__TASK GOAL__
Check every line of the entries that follow, and copy the ones containing "this".

[Collected data entries]
"""

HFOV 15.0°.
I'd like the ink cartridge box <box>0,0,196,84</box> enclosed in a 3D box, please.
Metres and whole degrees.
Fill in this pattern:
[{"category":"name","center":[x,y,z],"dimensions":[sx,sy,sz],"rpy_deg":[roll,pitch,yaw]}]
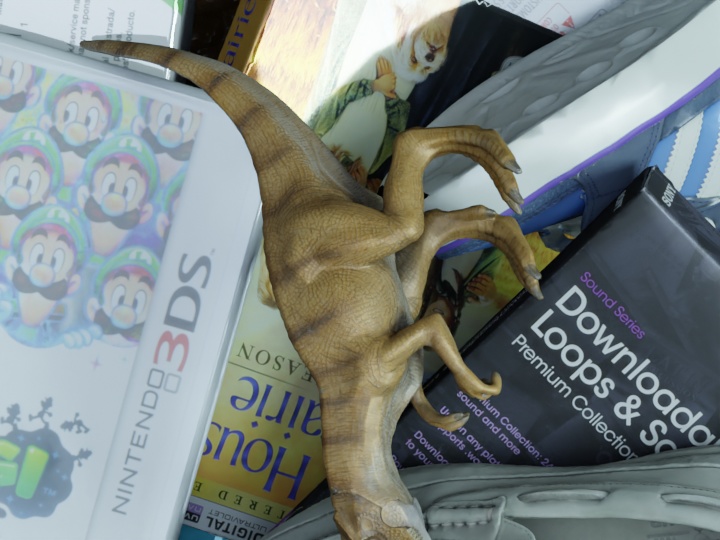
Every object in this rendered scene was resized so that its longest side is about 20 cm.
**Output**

"""

__THE ANSWER__
Fill in this pattern:
Every object in this rendered scene was resized so that its longest side is about 20 cm.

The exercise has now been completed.